Ivan Belmont had stolen up softly behind him, bearing a heavy mallet in his hand. A moment more, and it was lifted high in air, and Kathleen's anguished eyes beheld her darling struck down before her into apparent death!

Kathleen would never forget the horror of that moment. It seemed to her that she went mad with grief and terror. Shriek after shriek burst from her lips, and she beat her little hands wildly against the smoky little window-pane, struggling wildly to get free. But the fiends before her did not heed her cries. Between them they lifted the inanimate form of their victim, and bearing it a short distance away, but in full view of the window, they laid it on a plank upon a table in front of the large steel circular saw. Kathleen saw his arms fall limply to his side, and the dark curly head drop back heavily. The death-white face, the closed eyes, assured her that he was either in a deep swoon or already dead from the terrible blow that had felled him to the ground.

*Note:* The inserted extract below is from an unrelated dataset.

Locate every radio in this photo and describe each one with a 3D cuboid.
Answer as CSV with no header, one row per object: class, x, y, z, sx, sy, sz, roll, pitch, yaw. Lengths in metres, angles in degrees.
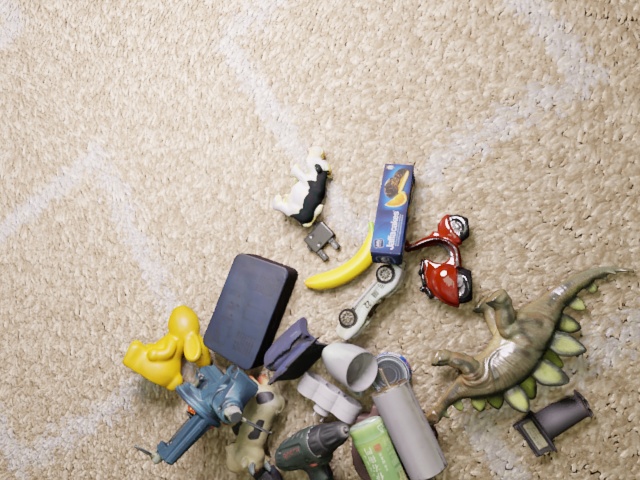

Hushing the piercing shrieks upon her blanched lips, Kathleen watched in terrible suspense the movements of the two fiends.

Perhaps they doubted whether their victim was already dead, for they bent over him, feeling his pulse and listening for his heart.

"He lives," Ivan Belmont said, with fiendish joy. "Let us bind him hand and foot, and leave him on the plank till he revives. I want to enjoy his agony when he realizes the awful death that lies before him. He must know that Kathleen is here, that she will witness his death, and then meet the same horrible fate."

It was a scene on which the devils in hell might have gloated: the old mill, with its dim lights and strange, flickering shadows; the prostrate man, with his death-white face; the two fiends binding him with strong cords, lest he should recover and escape their vengeful fury; and looking on with anguished eyes at the doom of her beloved was our beautiful Kathleen.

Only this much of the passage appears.